If your website isn’t secured via HTTPS protocol, you might want to start thinking about it. Starting in July, Google Chrome will begin marking all HTTP sites as “not secure,” according to a blog post published today by Chrome security product manager Emily Schechter.
Currently, Chrome displays a neutral information icon which doesn’t really count against a website that isn’t using HTTPS. Starting with Chrome version 68, the browser will warn users with an extra notification in the address bar that the website is not secure.

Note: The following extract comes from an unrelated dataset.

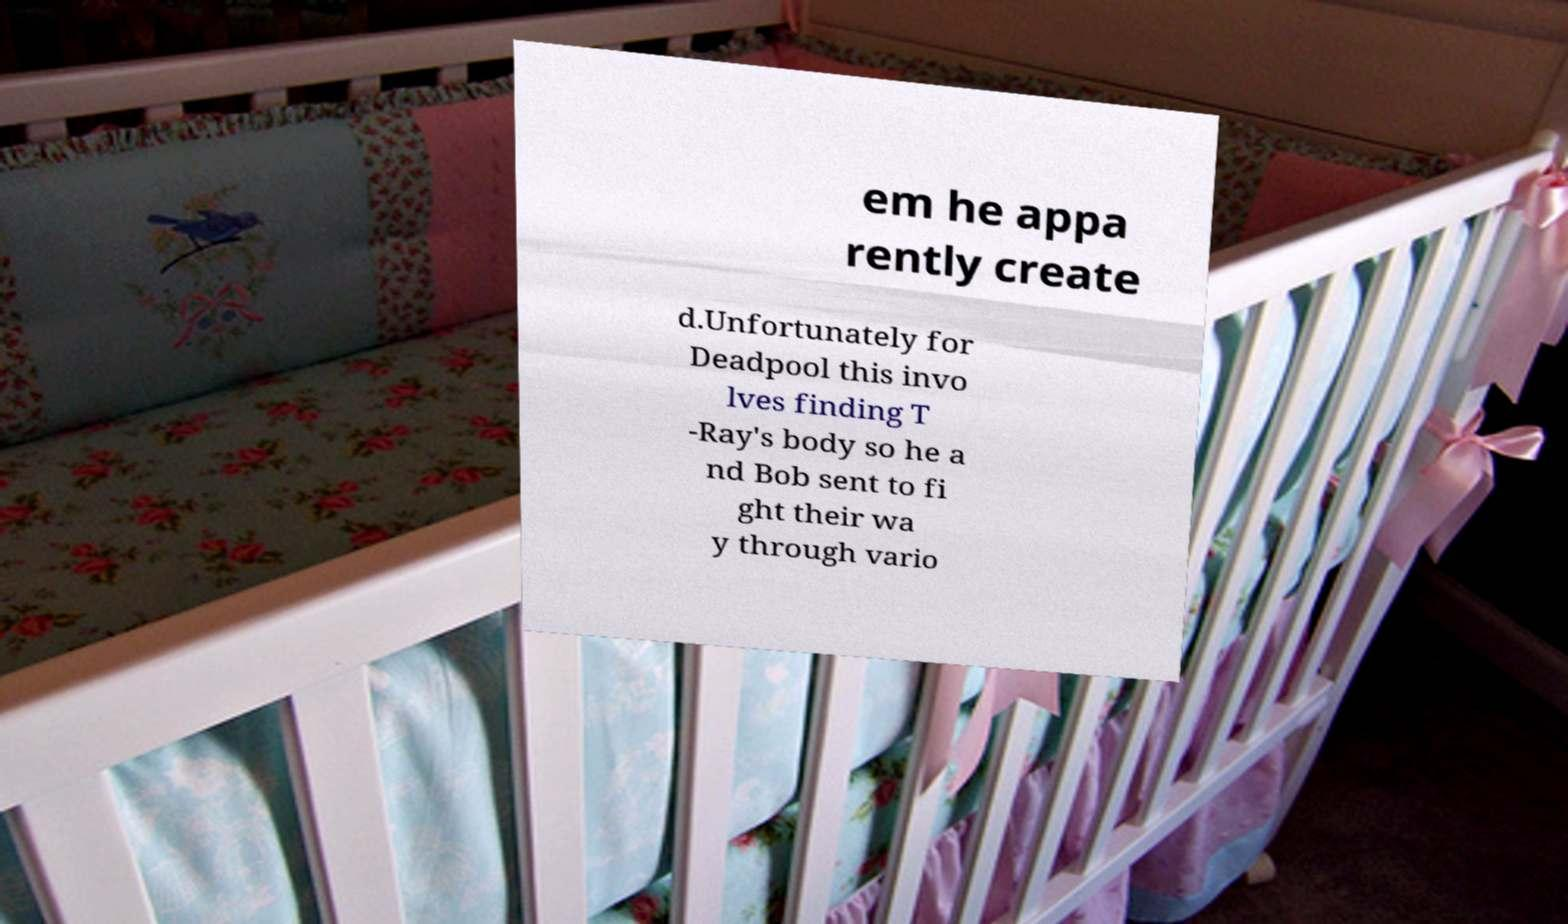Please read and relay the text visible in this image. What does it say? em he appa rently create d.Unfortunately for Deadpool this invo lves finding T -Ray's body so he a nd Bob sent to fi ght their wa y through vario

Chrome currently marks HTTPS-encrypted websites with a green lock icon and a “Secure” sign.
To say we didn’t see this coming is untrue. Google has been inching users away from unencrypted websites for years, but this is the biggest step forward by the company. Google search began down-ranking unencrypted websites in 2015. The following year, the Chrome team implemented a similar warning for unencrypted password fields.
The Chrome team said that today’s announcement was mostly brought on by the fact that there’s been a increased HTTPS adoption by the web. Right now, eighty-one of the top 100 websites on the web use HTTPS, and a strong majority of Chrome traffic is already encrypted too. “Based on the awesome rate that sites have been migrating to HTTPS and the strong trajectory through this year,” Schechter said, “we think that in July the balance will be tipped enough so that we can mark all HTTP sites.”